Inputs (DSPy signature)
faulty_code # entire cell that crashed
error # full traceback
previous_fixes # optional user or system hints
Outputs
fixed_code # only the patched section(s)
Behaviour
- Reads the stack-trace, locates the failure line(s).
- Generates a minimal patch – it must not rewrite the whole script, only the broken part.
- Returns the patch to the orchestrator, which re-runs the cell.
- If it still fails, the agent can loop or escalate to the user
4. End-to-end call sequence
sequenceDiagram participant U as User participant P as Planner participant D1 as Doer A (sk_learn_agent) participant D2 as Doer B (data_viz_agent) participant F as Code_fix Note over U: "Cluster customers and plot" U->>P: natural-language query P->>D1: sub-prompt "cluster customers" D1->>Orchestrator: code + commentary Note over Orchestrator,D1: run code Orchestrator->>F: traceback (if error) F->>Orchestrator: patched code Orchestrator->>D2: sub-prompt "plot clusters" D2->>Orchestrator: code + commentary Orchestrator->>U: Streamlit UI (chart, text)
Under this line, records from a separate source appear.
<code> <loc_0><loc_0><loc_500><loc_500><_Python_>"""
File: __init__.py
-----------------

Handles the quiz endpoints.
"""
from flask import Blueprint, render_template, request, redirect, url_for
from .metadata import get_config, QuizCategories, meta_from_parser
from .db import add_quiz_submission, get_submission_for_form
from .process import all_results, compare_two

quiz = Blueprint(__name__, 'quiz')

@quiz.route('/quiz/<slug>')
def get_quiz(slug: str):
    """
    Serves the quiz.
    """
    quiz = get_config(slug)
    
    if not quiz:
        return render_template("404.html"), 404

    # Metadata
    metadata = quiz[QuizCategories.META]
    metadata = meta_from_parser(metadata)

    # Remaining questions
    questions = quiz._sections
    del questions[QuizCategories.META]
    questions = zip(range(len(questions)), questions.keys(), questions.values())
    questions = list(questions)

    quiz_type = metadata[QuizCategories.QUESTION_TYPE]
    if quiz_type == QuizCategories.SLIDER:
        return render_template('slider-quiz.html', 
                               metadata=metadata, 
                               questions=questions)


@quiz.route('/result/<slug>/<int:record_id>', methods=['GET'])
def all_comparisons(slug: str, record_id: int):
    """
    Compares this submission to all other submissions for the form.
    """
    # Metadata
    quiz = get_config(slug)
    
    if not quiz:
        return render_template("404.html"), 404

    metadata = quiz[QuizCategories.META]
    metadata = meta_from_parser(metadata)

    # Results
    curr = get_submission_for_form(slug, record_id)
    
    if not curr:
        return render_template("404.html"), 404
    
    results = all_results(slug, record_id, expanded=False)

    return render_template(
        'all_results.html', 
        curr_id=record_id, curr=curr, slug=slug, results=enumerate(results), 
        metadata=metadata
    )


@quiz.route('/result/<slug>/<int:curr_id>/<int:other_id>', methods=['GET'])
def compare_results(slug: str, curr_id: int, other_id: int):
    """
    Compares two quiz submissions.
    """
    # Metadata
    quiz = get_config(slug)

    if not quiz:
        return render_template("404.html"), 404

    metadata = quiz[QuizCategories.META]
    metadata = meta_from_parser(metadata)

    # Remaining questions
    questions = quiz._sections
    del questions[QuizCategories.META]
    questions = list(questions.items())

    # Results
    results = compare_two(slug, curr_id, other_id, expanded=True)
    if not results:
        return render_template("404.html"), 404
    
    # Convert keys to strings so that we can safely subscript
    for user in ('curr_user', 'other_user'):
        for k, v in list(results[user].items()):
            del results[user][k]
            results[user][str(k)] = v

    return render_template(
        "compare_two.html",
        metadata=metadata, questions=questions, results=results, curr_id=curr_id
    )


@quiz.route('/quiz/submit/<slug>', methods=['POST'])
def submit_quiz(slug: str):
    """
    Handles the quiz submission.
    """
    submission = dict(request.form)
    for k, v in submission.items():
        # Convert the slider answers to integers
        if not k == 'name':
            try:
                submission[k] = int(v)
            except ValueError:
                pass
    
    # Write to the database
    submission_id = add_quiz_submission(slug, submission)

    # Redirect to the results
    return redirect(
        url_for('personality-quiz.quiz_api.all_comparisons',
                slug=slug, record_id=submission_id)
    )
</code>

5. Why this separation matters
Benefit | Explanation |
---|---|
Reliability | Code-fix lowers crash probability without complicating every doer’s prompt. |
Composability | New helpers (e.g., memory, style-enforcer, unit-tester) can be added without touching existing analytics logic. |
Prompt hygiene | Doers stay small – easier to train, benchmark and debug. |
Observability | Users see the plan, the code, and any fixes as discrete steps, which builds trust. |
6. Extending the helper layer
-
memory_agent – retrieves prior conversations or dataset glossaries for context.
-
doc_agent – turns code & commentary into docs automatically
-
eval_agent – runs unit tests or statistical diagnostics on doer output.
Because helpers are just DSPy signatures wired into the orchestrator, adding one is mostly prompt-engineering plus a short routing rule.
In short: helper agents are the “glue code” of Auto-Analyst. They empower but never replace the specialised doers, giving the system a modular, fault-tolerant architecture that is easy to extend and reason about.